== Segment start ==

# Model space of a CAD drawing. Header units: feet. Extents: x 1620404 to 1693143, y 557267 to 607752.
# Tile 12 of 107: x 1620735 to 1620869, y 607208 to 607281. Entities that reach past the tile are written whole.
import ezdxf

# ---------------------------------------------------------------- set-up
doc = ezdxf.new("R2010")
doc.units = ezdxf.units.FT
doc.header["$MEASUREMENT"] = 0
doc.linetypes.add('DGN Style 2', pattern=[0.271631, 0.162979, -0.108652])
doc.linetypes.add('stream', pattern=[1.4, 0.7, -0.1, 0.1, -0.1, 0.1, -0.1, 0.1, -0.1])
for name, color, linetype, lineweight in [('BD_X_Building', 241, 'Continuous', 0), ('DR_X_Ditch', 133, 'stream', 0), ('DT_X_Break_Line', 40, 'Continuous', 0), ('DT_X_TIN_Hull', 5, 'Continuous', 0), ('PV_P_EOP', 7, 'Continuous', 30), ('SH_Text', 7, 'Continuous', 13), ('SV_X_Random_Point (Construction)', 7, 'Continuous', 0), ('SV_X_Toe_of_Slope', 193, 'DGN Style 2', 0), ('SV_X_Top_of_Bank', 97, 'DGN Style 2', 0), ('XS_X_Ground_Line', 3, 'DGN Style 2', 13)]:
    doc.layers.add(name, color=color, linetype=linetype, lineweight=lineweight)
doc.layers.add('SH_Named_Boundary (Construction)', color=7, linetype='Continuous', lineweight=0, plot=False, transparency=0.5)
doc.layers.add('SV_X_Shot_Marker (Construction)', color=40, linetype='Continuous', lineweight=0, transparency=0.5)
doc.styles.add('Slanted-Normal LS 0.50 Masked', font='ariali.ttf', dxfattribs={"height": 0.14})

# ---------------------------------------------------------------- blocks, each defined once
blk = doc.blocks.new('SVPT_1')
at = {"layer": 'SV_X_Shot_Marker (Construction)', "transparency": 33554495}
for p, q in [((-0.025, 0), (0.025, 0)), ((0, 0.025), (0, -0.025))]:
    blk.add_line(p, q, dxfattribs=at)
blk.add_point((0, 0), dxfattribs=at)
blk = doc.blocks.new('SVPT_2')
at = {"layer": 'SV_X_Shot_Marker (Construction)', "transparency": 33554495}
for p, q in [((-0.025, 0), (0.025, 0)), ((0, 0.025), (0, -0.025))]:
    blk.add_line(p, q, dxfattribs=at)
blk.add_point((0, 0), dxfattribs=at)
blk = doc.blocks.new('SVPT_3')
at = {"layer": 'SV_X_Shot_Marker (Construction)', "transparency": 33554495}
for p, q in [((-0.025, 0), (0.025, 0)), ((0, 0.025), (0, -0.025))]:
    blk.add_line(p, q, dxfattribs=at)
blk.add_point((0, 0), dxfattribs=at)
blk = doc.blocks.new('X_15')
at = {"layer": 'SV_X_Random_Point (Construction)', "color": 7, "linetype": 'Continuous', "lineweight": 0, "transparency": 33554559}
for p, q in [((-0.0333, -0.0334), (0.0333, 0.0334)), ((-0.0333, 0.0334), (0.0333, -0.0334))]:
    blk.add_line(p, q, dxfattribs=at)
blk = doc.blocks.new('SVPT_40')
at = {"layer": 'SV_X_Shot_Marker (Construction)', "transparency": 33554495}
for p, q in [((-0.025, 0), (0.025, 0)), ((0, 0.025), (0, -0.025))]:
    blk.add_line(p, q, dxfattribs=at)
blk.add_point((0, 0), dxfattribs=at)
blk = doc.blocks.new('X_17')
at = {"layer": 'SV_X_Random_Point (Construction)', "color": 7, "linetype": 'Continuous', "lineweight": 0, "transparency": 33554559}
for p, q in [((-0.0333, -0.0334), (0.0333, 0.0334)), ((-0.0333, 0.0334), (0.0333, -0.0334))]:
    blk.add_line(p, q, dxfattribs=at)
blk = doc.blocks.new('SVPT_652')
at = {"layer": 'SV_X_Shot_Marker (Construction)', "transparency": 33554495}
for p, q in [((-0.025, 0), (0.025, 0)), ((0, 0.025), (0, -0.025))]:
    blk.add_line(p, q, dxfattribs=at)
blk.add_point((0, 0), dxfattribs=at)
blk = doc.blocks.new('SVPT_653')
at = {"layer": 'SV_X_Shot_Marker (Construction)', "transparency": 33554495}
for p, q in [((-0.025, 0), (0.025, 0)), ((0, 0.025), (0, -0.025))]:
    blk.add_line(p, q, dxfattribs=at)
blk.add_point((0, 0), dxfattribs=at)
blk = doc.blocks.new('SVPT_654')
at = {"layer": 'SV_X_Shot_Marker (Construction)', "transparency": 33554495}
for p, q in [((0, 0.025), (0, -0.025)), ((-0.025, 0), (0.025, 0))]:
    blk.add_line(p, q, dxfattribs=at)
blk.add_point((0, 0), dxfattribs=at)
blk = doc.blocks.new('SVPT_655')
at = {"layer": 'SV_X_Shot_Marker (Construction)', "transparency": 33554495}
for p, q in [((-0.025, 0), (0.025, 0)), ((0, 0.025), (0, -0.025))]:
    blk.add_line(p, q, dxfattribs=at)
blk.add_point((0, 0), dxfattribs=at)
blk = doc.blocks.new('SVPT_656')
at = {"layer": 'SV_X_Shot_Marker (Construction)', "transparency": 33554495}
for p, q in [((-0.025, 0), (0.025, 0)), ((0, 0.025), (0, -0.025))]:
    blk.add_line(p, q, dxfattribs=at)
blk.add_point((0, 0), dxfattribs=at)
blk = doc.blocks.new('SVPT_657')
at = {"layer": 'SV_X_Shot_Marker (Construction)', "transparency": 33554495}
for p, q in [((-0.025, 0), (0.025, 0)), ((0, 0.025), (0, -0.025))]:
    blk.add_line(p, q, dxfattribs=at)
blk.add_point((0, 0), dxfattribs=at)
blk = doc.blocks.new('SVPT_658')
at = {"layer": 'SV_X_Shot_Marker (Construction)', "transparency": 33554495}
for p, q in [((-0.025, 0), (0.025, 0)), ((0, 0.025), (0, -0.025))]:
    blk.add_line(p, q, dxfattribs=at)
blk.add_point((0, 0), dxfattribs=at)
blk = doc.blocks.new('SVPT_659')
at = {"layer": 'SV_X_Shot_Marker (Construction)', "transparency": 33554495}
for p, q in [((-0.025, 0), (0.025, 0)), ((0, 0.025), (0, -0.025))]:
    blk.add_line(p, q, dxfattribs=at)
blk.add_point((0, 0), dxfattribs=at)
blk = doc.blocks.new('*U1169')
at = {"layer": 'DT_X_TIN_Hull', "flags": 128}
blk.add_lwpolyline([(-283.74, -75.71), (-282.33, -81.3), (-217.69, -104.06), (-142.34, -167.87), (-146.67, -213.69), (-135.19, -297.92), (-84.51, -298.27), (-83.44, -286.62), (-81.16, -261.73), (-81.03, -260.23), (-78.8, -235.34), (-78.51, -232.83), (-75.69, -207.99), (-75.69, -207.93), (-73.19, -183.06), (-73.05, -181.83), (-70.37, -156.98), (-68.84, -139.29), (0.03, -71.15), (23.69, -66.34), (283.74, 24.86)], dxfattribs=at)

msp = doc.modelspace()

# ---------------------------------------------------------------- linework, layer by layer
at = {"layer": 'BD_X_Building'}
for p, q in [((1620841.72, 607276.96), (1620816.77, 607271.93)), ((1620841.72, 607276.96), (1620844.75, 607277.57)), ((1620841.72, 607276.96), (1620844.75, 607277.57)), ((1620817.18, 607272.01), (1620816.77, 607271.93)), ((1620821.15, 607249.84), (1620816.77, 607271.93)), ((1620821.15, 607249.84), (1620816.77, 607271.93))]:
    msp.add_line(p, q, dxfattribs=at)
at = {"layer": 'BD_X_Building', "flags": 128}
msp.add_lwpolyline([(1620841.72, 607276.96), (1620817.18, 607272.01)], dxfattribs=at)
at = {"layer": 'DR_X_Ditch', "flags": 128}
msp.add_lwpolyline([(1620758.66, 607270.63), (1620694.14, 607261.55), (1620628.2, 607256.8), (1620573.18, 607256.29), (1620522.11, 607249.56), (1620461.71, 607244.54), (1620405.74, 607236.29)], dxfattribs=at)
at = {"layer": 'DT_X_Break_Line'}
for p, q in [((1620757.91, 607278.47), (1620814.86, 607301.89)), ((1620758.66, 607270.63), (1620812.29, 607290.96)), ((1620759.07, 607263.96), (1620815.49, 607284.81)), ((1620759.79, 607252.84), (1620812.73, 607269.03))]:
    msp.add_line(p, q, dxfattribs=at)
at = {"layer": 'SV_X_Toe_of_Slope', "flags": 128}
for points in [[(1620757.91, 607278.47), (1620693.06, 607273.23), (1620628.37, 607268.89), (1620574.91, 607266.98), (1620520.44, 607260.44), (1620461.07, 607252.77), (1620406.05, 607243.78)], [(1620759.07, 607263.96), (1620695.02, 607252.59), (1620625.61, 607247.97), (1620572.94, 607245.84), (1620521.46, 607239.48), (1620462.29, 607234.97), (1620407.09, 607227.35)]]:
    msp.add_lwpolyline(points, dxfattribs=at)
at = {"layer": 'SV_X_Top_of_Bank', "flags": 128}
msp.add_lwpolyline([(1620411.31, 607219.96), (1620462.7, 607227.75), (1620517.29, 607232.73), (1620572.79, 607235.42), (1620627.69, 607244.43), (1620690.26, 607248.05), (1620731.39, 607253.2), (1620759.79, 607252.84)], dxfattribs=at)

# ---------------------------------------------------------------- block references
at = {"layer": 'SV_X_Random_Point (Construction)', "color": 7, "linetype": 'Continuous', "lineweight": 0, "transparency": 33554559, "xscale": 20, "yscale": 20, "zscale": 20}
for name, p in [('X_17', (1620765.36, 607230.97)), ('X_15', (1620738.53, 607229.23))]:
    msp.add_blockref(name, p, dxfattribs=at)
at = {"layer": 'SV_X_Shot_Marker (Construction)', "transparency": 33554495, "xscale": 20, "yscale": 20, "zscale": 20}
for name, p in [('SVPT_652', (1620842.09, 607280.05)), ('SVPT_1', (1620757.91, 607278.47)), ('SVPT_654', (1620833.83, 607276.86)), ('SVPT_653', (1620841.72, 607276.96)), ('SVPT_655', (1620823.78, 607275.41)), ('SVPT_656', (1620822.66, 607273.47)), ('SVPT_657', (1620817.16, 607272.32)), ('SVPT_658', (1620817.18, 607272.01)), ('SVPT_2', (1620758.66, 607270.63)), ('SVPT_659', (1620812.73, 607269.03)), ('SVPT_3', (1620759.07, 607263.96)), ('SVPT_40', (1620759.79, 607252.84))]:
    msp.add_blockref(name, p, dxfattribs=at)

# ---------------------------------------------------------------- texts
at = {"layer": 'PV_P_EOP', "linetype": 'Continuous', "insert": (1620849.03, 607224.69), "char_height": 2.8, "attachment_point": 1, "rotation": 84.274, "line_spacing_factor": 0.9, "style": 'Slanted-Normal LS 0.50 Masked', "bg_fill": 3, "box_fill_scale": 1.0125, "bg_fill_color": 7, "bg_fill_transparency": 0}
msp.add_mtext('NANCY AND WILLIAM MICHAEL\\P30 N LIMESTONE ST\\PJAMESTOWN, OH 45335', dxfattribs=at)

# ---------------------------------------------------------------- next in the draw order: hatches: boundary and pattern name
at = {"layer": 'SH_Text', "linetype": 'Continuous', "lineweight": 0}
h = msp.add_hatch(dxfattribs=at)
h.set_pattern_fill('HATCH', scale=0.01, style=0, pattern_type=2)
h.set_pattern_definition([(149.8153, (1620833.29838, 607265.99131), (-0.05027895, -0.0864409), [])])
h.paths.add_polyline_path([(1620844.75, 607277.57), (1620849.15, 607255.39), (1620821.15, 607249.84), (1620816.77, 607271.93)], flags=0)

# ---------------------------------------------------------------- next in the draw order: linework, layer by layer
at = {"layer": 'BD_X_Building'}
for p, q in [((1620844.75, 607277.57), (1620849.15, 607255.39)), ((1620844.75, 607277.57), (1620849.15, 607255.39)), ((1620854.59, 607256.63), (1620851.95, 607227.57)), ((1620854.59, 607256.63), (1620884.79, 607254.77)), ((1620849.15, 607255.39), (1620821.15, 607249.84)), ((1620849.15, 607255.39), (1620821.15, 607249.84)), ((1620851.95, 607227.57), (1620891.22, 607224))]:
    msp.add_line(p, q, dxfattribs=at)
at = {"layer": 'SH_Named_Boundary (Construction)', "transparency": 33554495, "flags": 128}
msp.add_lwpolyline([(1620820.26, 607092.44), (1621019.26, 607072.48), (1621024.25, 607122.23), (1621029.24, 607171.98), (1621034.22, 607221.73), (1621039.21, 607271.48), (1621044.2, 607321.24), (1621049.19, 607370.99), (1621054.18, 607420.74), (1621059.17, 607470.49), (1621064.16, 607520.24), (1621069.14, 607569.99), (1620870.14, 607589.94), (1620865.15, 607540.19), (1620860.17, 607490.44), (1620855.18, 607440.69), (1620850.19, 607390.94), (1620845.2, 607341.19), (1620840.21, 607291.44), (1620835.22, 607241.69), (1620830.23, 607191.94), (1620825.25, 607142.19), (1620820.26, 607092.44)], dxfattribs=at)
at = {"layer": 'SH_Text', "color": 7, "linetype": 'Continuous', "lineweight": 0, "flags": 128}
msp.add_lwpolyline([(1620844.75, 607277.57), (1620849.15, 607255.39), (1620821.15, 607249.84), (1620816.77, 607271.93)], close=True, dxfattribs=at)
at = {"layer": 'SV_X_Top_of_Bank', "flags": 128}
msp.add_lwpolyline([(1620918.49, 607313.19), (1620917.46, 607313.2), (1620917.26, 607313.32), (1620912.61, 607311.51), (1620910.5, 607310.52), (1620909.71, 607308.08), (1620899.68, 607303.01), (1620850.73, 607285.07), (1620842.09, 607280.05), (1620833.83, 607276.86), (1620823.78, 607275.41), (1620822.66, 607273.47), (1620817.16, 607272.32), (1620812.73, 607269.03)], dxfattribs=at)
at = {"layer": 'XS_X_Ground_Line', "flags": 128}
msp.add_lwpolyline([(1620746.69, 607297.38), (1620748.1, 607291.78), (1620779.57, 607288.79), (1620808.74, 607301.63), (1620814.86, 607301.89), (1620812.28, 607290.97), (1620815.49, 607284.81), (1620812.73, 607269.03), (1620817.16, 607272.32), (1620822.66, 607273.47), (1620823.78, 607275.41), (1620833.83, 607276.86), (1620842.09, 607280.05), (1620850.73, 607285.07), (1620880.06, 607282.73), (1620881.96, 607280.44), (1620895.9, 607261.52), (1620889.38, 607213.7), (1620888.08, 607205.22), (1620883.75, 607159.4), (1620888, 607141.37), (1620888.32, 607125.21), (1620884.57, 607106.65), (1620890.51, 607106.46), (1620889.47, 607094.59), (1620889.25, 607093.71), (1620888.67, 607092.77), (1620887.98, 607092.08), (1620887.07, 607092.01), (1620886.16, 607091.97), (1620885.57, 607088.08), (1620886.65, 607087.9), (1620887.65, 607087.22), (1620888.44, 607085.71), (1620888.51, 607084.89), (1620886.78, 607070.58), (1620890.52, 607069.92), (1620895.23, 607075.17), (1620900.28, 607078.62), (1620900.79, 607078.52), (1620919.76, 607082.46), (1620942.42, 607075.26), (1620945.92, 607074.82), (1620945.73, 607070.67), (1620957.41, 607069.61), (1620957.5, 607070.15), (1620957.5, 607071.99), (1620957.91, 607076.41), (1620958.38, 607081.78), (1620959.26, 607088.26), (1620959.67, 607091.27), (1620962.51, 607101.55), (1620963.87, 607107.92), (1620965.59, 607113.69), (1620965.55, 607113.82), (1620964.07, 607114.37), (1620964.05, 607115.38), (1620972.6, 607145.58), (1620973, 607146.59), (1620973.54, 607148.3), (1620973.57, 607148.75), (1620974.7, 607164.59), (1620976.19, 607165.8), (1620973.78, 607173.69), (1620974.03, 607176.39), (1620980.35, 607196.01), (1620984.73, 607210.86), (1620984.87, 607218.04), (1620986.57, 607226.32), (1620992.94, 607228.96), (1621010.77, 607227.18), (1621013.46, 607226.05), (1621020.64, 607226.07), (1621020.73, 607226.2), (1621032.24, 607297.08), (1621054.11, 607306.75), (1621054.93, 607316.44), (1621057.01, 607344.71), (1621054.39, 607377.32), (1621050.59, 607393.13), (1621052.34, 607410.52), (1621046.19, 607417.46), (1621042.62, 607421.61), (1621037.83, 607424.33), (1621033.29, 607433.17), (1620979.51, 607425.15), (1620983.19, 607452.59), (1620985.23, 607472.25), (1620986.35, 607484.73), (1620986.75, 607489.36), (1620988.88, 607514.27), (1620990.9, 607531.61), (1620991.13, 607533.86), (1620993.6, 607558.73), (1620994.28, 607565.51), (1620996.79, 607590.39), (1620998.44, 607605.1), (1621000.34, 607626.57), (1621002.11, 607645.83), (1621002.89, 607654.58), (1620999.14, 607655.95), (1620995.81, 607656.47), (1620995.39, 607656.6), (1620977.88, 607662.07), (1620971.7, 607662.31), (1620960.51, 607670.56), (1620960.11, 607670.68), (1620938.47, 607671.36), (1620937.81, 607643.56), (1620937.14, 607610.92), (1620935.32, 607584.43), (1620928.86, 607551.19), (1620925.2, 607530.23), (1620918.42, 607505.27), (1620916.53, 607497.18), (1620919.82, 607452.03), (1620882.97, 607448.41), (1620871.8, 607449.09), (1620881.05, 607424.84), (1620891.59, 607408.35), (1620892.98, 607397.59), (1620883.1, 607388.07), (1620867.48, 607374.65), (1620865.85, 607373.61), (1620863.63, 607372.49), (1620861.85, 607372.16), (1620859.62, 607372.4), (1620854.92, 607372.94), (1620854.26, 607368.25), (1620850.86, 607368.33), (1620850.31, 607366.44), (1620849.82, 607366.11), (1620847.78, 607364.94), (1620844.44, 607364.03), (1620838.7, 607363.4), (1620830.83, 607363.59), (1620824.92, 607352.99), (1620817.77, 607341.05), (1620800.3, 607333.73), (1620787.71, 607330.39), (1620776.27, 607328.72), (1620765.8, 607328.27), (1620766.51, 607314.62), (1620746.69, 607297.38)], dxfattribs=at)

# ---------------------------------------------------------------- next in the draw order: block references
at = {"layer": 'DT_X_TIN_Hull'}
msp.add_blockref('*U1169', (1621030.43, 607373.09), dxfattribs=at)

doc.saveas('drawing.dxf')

== Segment end ==

Assignment: Search the data above for the word "Normal". Copy each line it is in.

Answer space:
doc.styles.add('Slanted-Normal LS 0.50 Masked', font='ariali.ttf', dxfattribs={"height": 0.14})
at = {"layer": 'PV_P_EOP', "linetype": 'Continuous', "insert": (1620849.03, 607224.69), "char_height": 2.8, "attachment_point": 1, "rotation": 84.274, "line_spacing_factor": 0.9, "style": 'Slanted-Normal LS 0.50 Masked', "bg_fill": 3, "box_fill_scale": 1.0125, "bg_fill_color": 7, "bg_fill_transparency": 0}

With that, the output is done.